TRIBUNAL DE JUSTIÇA DO ESTADO DE SÃO PAULO

15ª CÂMARA DE DIREITO CRIMINAL

Registro: 2019.0000755547

ACÓRDÃO

Vistos, relatados e discutidos estes autos de Habeas Corpus Criminal nº 2167772-90.2019.8.26.0000, da Comarca de Ribeirão Preto, em que é paciente PATRICK FRANCISCO MONTEIRO e Impetrante DEFENSORIA PÚBLICA DO ESTADO DE SÃO PAULO.

ACORDAM, em 15ª Câmara de Direito Criminal do Tribunal de Justiça de São Paulo, proferir a seguinte decisão: "Não conheceram. V. U.", de conformidade com o voto da Relatora, que integra este acórdão.

O julgamento teve a participação dos Exmos.

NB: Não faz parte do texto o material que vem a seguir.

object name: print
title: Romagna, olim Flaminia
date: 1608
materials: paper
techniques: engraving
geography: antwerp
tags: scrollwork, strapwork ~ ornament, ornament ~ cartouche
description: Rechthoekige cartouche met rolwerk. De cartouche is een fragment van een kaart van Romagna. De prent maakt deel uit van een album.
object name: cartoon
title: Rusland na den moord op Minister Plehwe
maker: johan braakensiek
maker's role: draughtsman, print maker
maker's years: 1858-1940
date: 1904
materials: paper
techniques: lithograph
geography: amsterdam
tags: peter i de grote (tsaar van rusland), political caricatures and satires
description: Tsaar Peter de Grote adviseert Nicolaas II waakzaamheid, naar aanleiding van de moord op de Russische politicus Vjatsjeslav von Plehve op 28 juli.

Desembargadores WILLIAN CAMPOS (Presidente) e POÇAS LEITÃO.

São Paulo, 12 de setembro de 2019.

GILDA ALVES BARBOSA DIODATTI

RELATORA

Assinatura Eletrônica

PODER JUDICIÁRIO

TRIBUNAL DE JUSTIÇA DO ESTADO DE SÃO PAULO

15ª CÂMARA DE DIREITO CRIMINAL

VOTO: 004928

HABEAS CORPUS: 2167772-90.2019.8.26.0000

IMPETRANTE: DEFENSORIA PÚBLICA DO ESTADO DE SÃO PAULO

PACIENTE: PATRICK FRANCISCO MONTEIRO

COMARCA: RIBEIRÃO PRETO DEECRIM UR6

(autos de origem: 0002745-90.2018.8.26.0496)

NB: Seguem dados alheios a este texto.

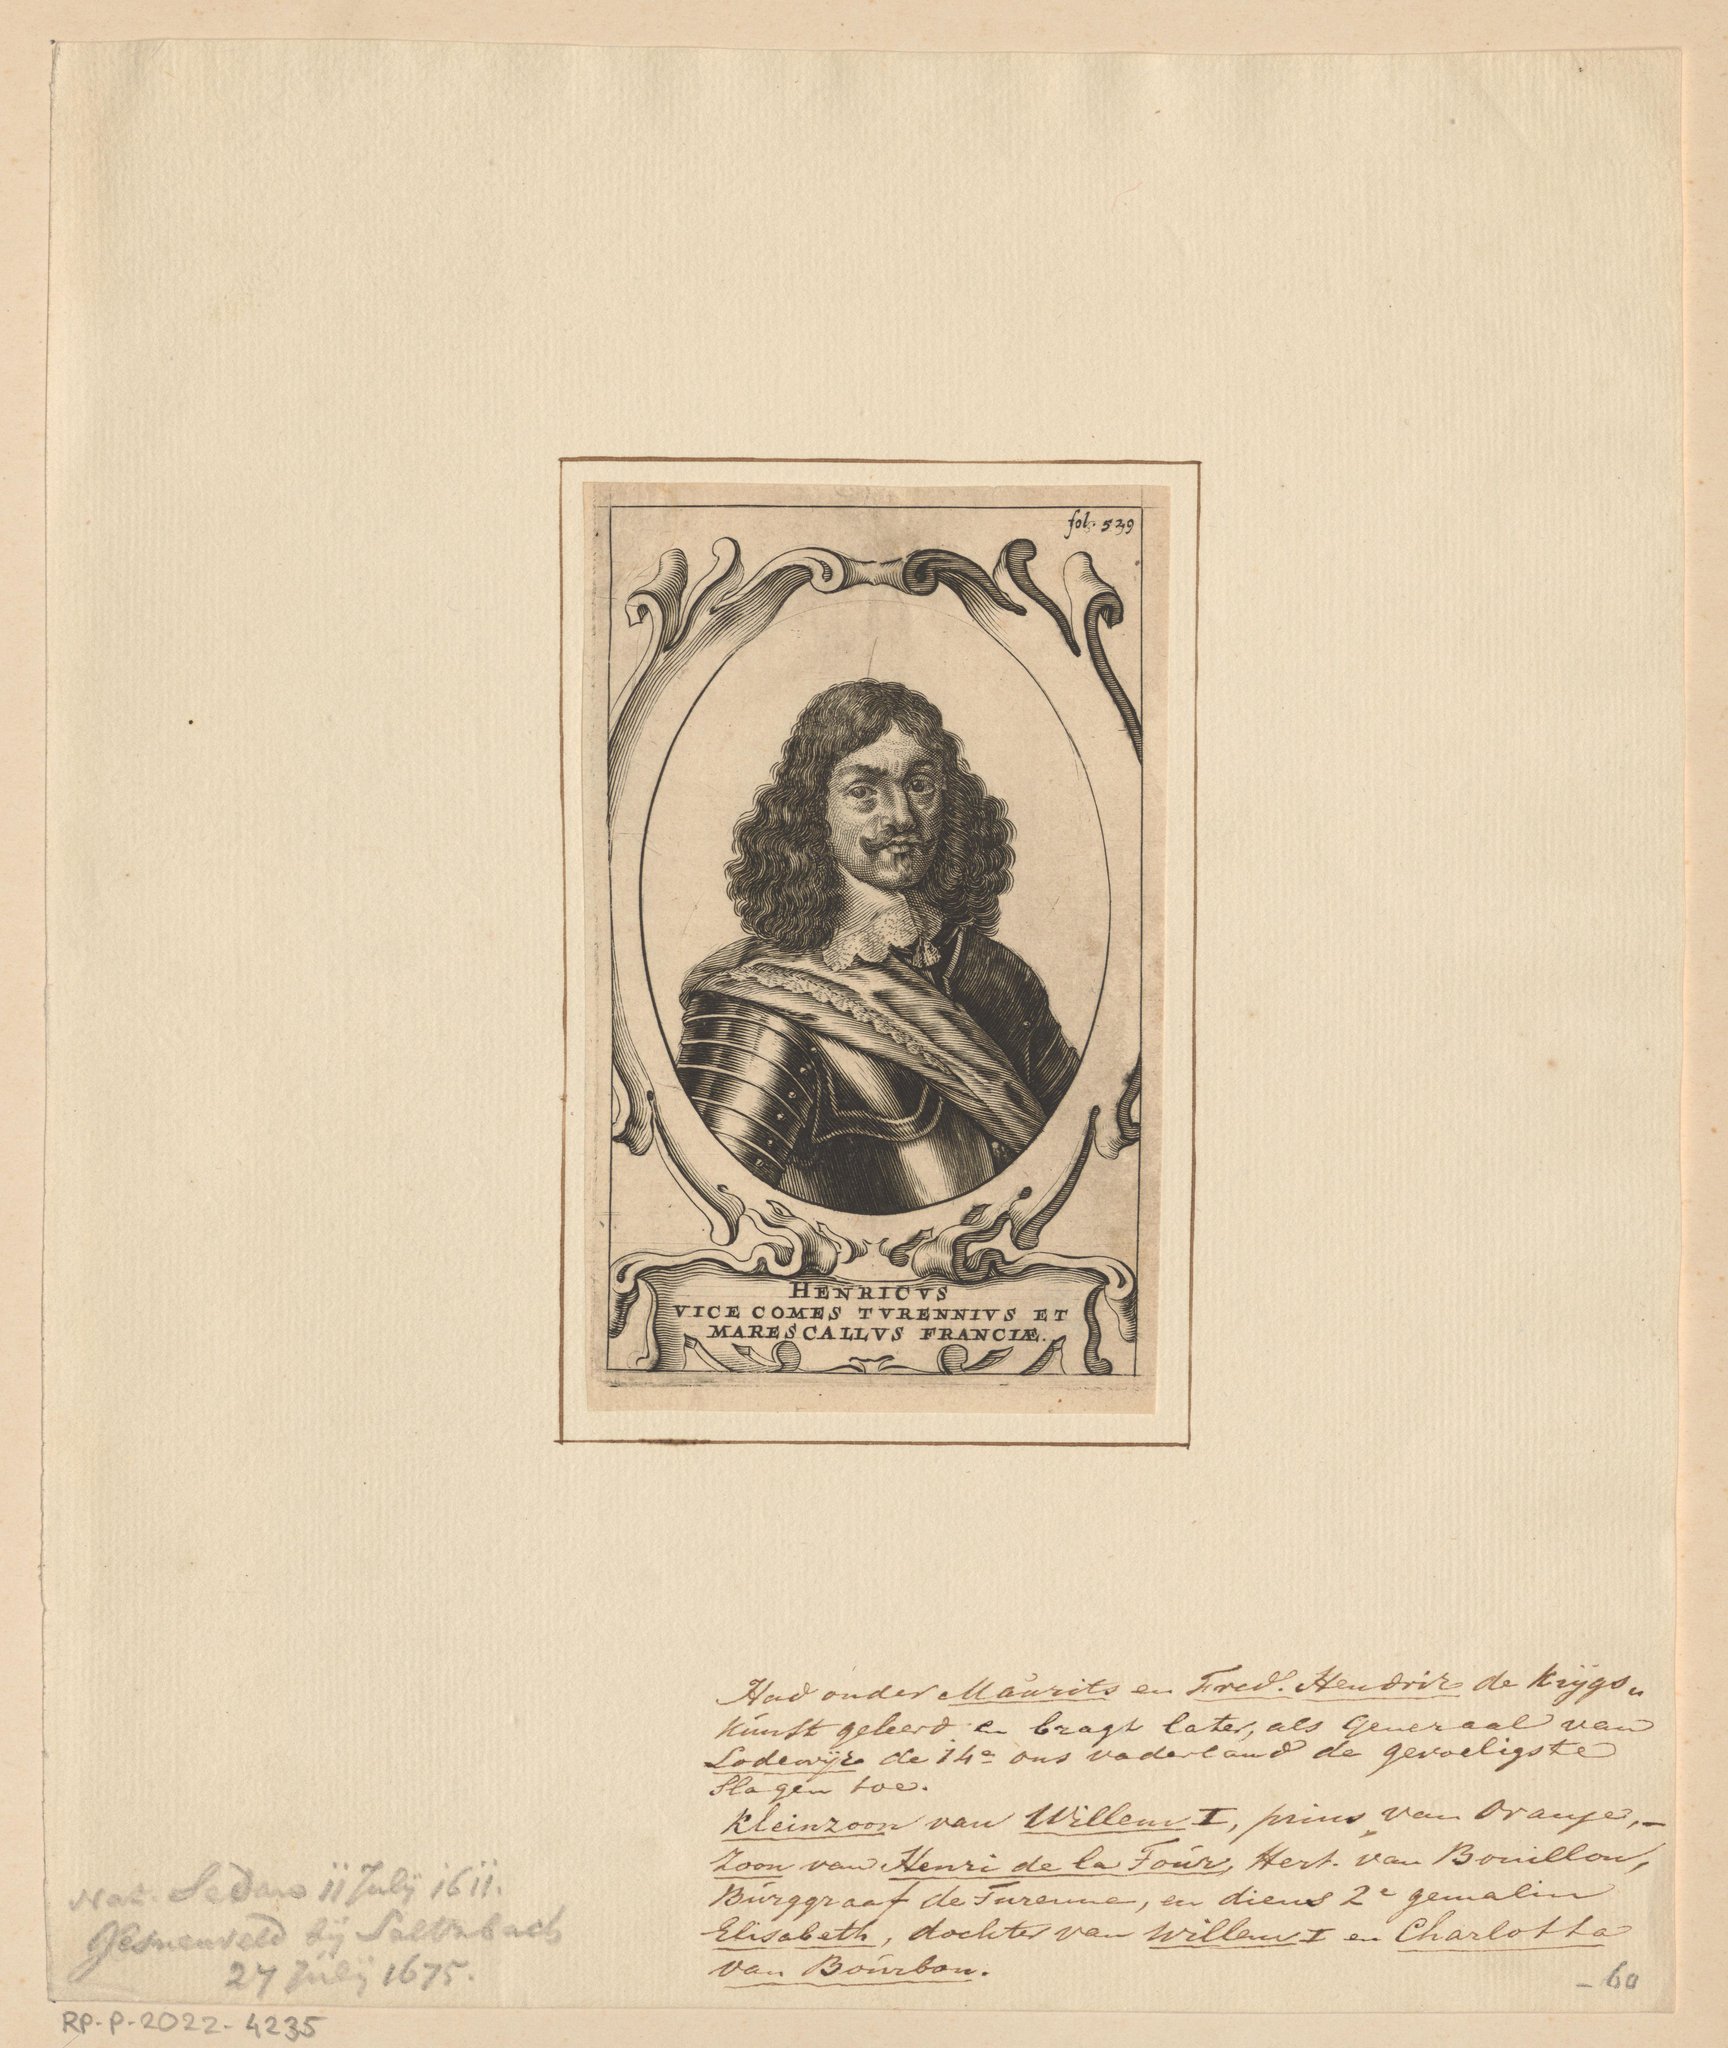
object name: book illustration
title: Portret van Henri de La Tour d'Auvergne
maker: Anonymous
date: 1656-1666
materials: paper
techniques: engraving
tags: commander-in-chief, general, marshal, armour, historical persons
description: Prent waarschijnlijk uit: Brachelius, Johannes Adolphus. Historia nostri temporis, dat is geschiedenis onses tijdts (…). Rotterdam: Andries van Hoogenhuysen, 1656. Prent ook gebruikt in de 1659- en 1666-editie

HABEAS CORPUS. EXECUÇÃO PENAL. PLEITO DE NULIDADE DA DECISÃO QUE DECRETOU REGRESSÃO AO REGIME FECHADO PELA PRÁTICA DE FALTA GRAVE. NÃO CONHECIMENTO.

INADEQUAÇÃO DA VIA ELEITA. 1. O habeas corpus não pode ser manejado para questões incidentais à execução da pena, para reforma de sentença condenatória, em substituição ao recurso cabível ou para emprestar celeridade ao julgamento de pleito deduzido pela via adequada, sob pena de desvirtuamento de sua finalidade constitucional. Precedentes. 2. Não conhecimento, por inadequação deste remédio para a dedução e apreciação de tal pleito.

A DEFENSORIA PÚBLICA DO ESTADO DE SÃO

PAULO impetra o presente writ de habeas corpus repressivo, com pedido de liminar,

em favor de PATRICK FRANCISCO MONTEIRO , alegando constrangimento ilegal

por parte do MM. JUÍZO DE DIREITO DO DEPARTAMENTO ESTADUAL DE

EXECUÇÃO PENAL DA 6ª REGIÃO ADMINISTRATIVA JUDICIÁRIA (COMARCA DE

RIBEIRÃO PRETO), na execução de nº 0002745-90.2018.8.26.0496.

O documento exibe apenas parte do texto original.